Por: Rudêncio Morais
“Temos dois olhos. Onde com um contemplamos as coisas do tempo, efémeras, que desaparecem, e com o outro contemplamos as coisas da alma, eternas, que permanecem” Angelus Silesius (1624-1677)
Quando o dia foi aos poucos se transvertindo tímido, deixando-se embeber pela noite, a vida pareceu ser retrabalhada no almofariz africano, carregado das nossas essências existenciais no corpo sólido do amor que sabe a música. Parecíamos imersos num barco a vela feito, todo ele, a partir dos segredos que tecem a instrumental da música que nos veste de gente, vestiu-nos o jazz em noite de oração profunda, um autêntico “love center” se nos emergiu e murmurava de longe o mar, abraçando-nos em terra firme na qual atracado o barco musical nos comunicava a genuflexão dos nossos ancestrais para com os deuses da música.
A noite se nos foi sendo uma viagem, um regresso aos tempos da Associação Moçambicana do Jazz no corpo da poesia sinfônica que não se esvai, e permanece intacta na alma da gente, preenchendo, vez por outra, a estrutura óssea que se nos existe por dentro, embalou-nos a amizade, o companheirismo e a fraternidade nutrida no corpo da música.
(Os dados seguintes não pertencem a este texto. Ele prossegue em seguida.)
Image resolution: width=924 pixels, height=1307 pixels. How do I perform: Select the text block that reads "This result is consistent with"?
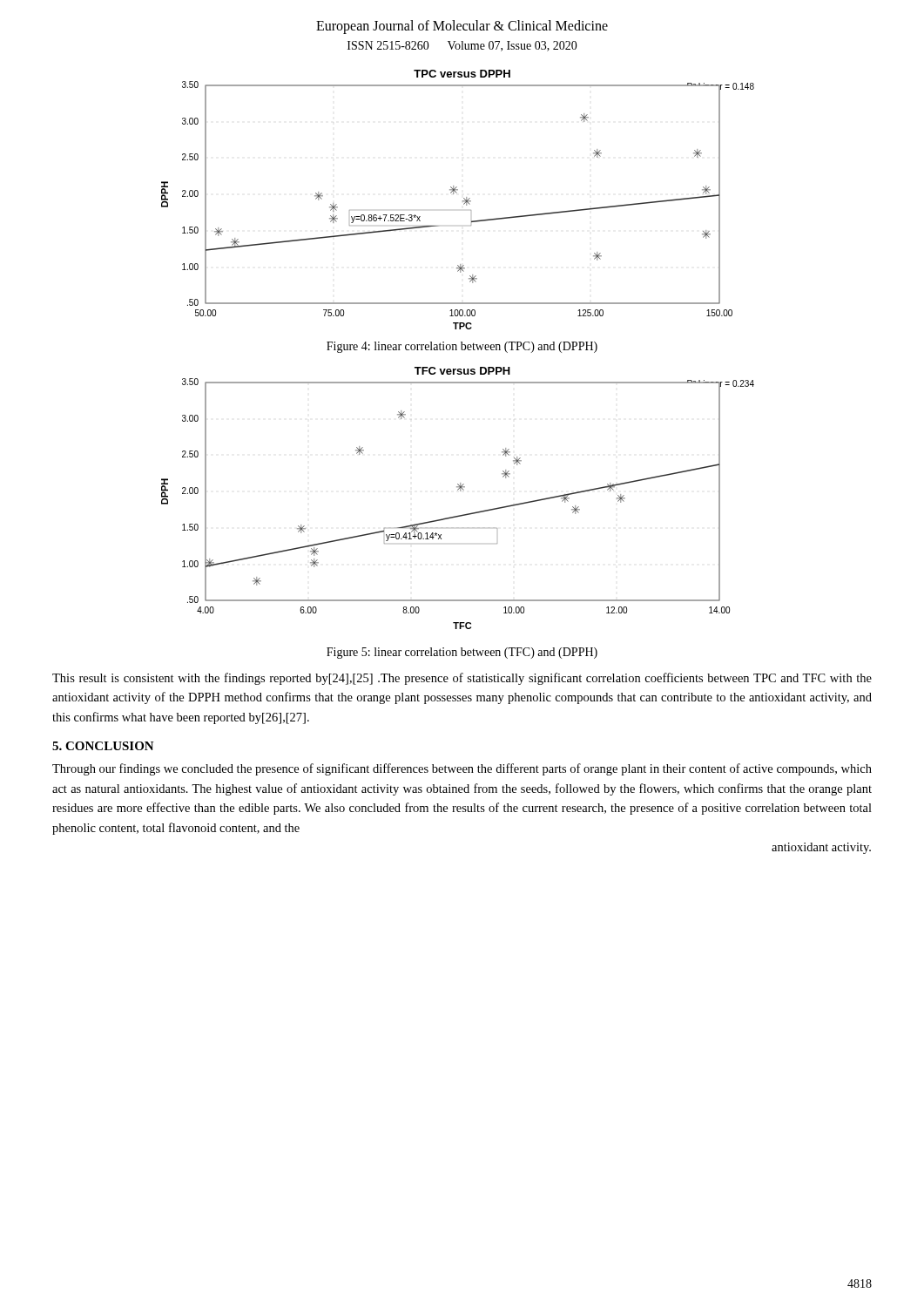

Por vezes, o silenciado se nos descia trêmulo, cristalizando momentos de um caminhar entre as ausências e as presenças além Moçambique que as músicas nos convidavam a celebrar esse bater das asas, das saudades, como diz o professor Rubem Alves, fazendo-nos acreditar que a saudade nasce quando existe amor e ausência, esse vazio que a música preenche unindo-nos ao universo, estando em tudo e em todo lugar, se para Rudêncio Morais a música é filha, mas também Mãe do Silêncio, Aurélio Ginja, descreve, no prefácio do ecoar musical da gente (livro do Falso Poeta) que é no coração do silêncio que as músicas mais sublimes desatam gentilmente os nós dos nossos mais secretos sentimentos. Foi assim, que entrelaçados entre o silêncio e a música, revisitamos a alma, nesse trabalho interior, esculpindo o imaginário colectivo de quem nunca está sozinho. Diz o poeta que “Música é vida interior. E quem tem vida interior jamais está sozinho.
Ávidos em regressar a terra, ao _mucume_ que, alentando a saudade, nos cobre desde pequenos, e depois de viajar na palma da Alma da música, numa interpretação sublime do Abel, que nos devolveu a década 70 para reviver “Hotel Califórnia” sucesso dos The Eagles, uma voz rasgou a meio a sala fazendo-se ouvir de imediato …
– Tio Zé, Tio Zé…
E, se nos apareceu o Zé Barata, num profundo namoro dividido entre a guitarra e a voz, sendo a língua e os ilimites das batidas dos nossos corações, rejuvenescidos no sopro do talentoso do Mahu, um sinal de esperança e de transcendência dos fazedores da música.
A terceira sessão dos amantes do Jazz, foi um sinal inequívoco de que é preciso moldar o barro com as mãos, só assim ele carregará dentro da forma concebida parte da nossa essência e a alma dos oleiros da música.